# Streamlight Ultrastinger



## sleep creeper (Jun 23, 2011)

Hey guys just have a question and i couldnt find answer in the search option. I just got a Ultrastinger with a steady charger...after 10 hrs of charge the led has not started to blink...is this normal? i have a a strion led which it states it would blink after a full charge but the US charger does not mention that...thank you


----------



## fivemega (Jun 23, 2011)

sleep creeper said:


> i have a a strion led which it states it would blink after a full charge but the US charger does not mention that.


 
*Strion is using Li-ion battery while US using Ni-Cad. Different chemistries use different method of charging.*


----------



## ebow86 (Jun 23, 2011)

Your best bet would be to contact streamlight and ask them. There maybe a PDF instruction manual somewhere, find one and it may give you some anwsers.


----------



## sleep creeper (Jun 23, 2011)

ive searched but cannot find the answer i was hoping that someone who owns one which i know alot of cpfers do if they could help me


----------



## ebow86 (Jun 23, 2011)

There's alot of good people here willing to help, things just don't get much attention here in the lonely old incandescent forum. I'm sure someone will be along to help, but I would consider calling streamlight if it was me.


----------



## sadtimes (Jun 23, 2011)

What color is the charger? Black or grey? IIRC, the black will always show a red light if the light is on the charger, the grey will flash once it is complete. I could be wrong as it has been sometime since I had my black stinger charger...I still have my stinger with a piggy back grey charger, love that thing as it has seen me through a many of night shift. Also the piggy back led stays red, it does not blink. Hope it helps...

Etched with a thunderbolt from a 4g cloud


----------



## sleep creeper (Jun 23, 2011)

its the black steady 10 hr charger


----------



## lasermax (Jun 23, 2011)

No i have a ultrastinger and the black charger. Charger stays on constinly


----------



## sleep creeper (Jun 23, 2011)

so its normal for the red light to always be on? have you had any problems with the light lasermax? how do you like it?


----------



## curtispdx (Jun 23, 2011)

I used to own an Ultrastinger and I don't recall the charger turning green. FWIW.


----------



## Sporting1 (Jun 24, 2011)

I have the Ultrastinger and the light is always on. I try not to leave the light charging for more then 24 hours.

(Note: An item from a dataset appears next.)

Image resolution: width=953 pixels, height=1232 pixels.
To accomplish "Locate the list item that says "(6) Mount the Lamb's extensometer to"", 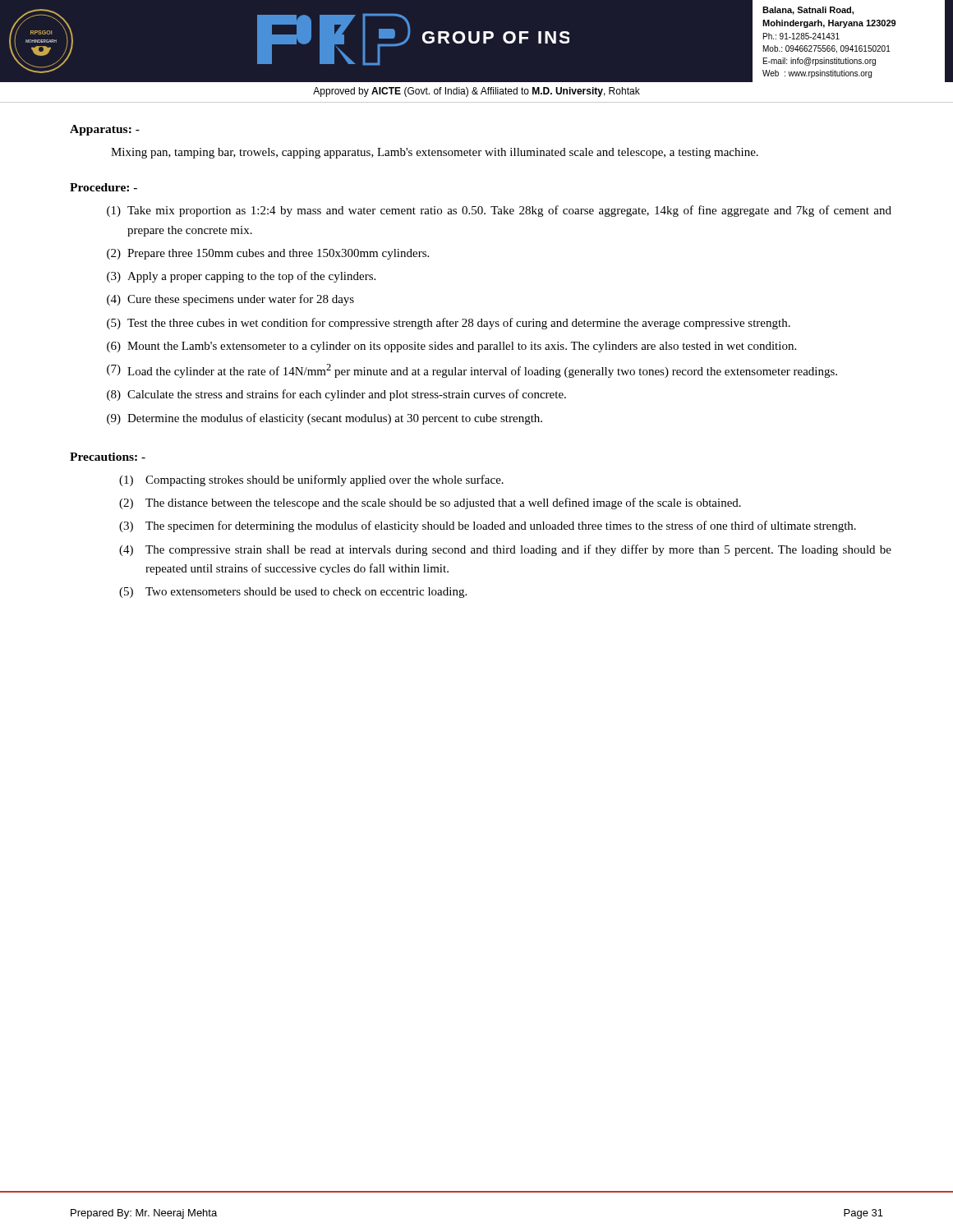I will 489,346.

You will feel the body become warm when the battery is fully charged. This is normal.


----------



## Bullzeyebill (Jun 25, 2011)

sleep creeper, refrain from double posting. I have deleted your Streamlight thread in General Flashlight Discussion.

Bill


----------



## lasermax (Jul 8, 2011)

sleep creeper said:


> so its normal for the red light to always be on? have you had any problems with the light lasermax? how do you like it?

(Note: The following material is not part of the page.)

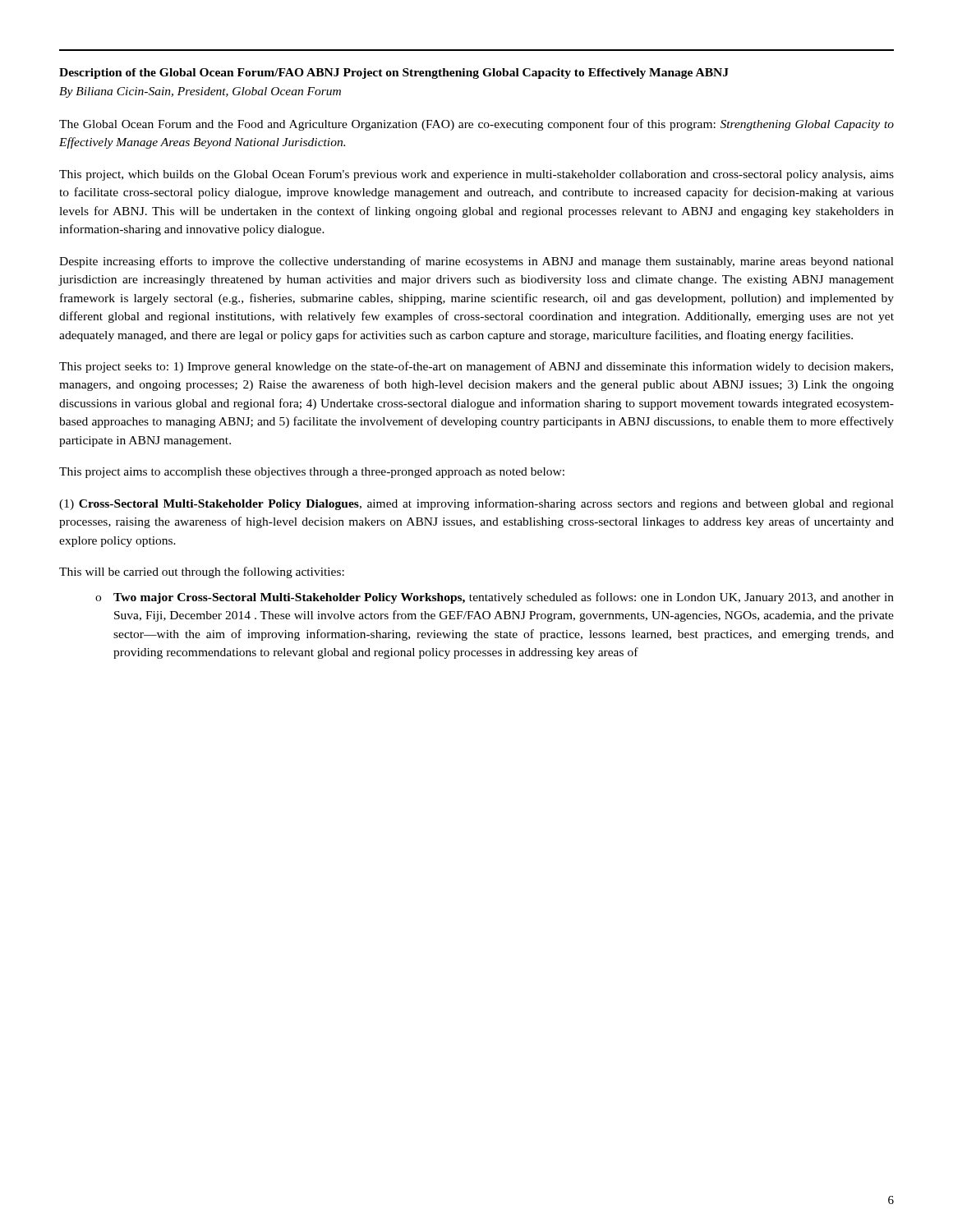Point to the text block starting "(1) Cross-Sectoral Multi-Stakeholder Policy Dialogues, aimed at"

coord(476,521)

 Sorry about this for not responding so long. But yes I do like it but the specs when I bought it said 75000 candlepower now they say 35000 power but it has a nice throw; but to me is weak one at that but a very good solid construction and feel to me only SLEEP CREEPER


----------



## sleep creeper (Jul 10, 2011)

no problem i love this light so far...its my go to light...glad i bought it...i dont use my led lights anymore


----------



## [email protected] (Jul 10, 2011)

sleep creeper said:


> i love this light so far...its my go to light...glad i bought it...




*+1* :thumbsup:


My wife purchased the Ultrastinger for my birthday, it's one thing to have a spouse accept our peculiar hobby but to have one that also supports it is even better! :devil:


----------



## ebow86 (Jul 10, 2011)

[email protected] said:


> *+1* :thumbsup:
> 
> 
> My wife purchased the Ultrastinger for my birthday, it's one thing to have a spouse accept our peculiar hobby but to have one that also supports it is even better! :devil:


 
Congrats on the new acquisition! That sure does sound like a great gift, I guess coming from an "educated" wife one would probably expect something along the lines of a slim and sleek LED flashlight, instead you got yourself a classic big old hot incandescent that spews out lots and lots of incan goodness. Wife sure sounds like a keeper to me:thumbsup:


----------



## sleep creeper (Jul 10, 2011)

I love that light but being new to incans almost burned a hole through my shirt oops


----------



## HotWire (Jul 15, 2011)

My Strion charger blinks red when charged. My Ultrastinger charger is constant red.


----------



## lasermax (Jul 15, 2011)

lasermax said:


> Sorry about this for not responding so long. But yes I do like it but the specs when I bought it said 75000 candlepower now they say 35000 power but it has a nice throw; but to me is weak one at that but a very good solid construction and feel to me only SLEEP CREEPER


 
Yes the red led stays constinely on. Its kind of an alignemt led to for your ultra stinger but i will add it is a very tuff light


----------



## sleep creeper (Jul 15, 2011)

Hey guys thanx for the responses i was kind of looking for a back up incan to my ultrastinger that is around the same size? any suggestions?


----------



## ebow86 (Jul 15, 2011)

Budget? Are you in the US?


----------



## HotWire (Jul 16, 2011)

I like the Surefire 6P myself. Reliable. Lightweight. Leggoable.


----------



## sleep creeper (Jul 16, 2011)

im in the US, around $150


----------



## ebow86 (Jul 18, 2011)

sleep creeper said:


> im in the US, around $150



There are a ton of options out there with a $150 budget. Have you taken a look at the new magcharger? It's abit bigger than your ultrastinger but the new model supposedly has multi modes of light output and a nimh battery. Plus it's brighter than the ultrastinger. You could buy a new magcharger, extra lamps, and an ultra clear glass lens thats better than the stock glass lens and still be under budget.


----------



## sleep creeper (Jul 18, 2011)

Is this the new magcharger with the multi modes and strobe?


----------



## ebow86 (Jul 18, 2011)

sleep creeper said:


> Is this the new magcharger with the multi modes and strobe?



Yes.


----------



## sleep creeper (Jul 18, 2011)

ill get it but i didnt know it was already out


----------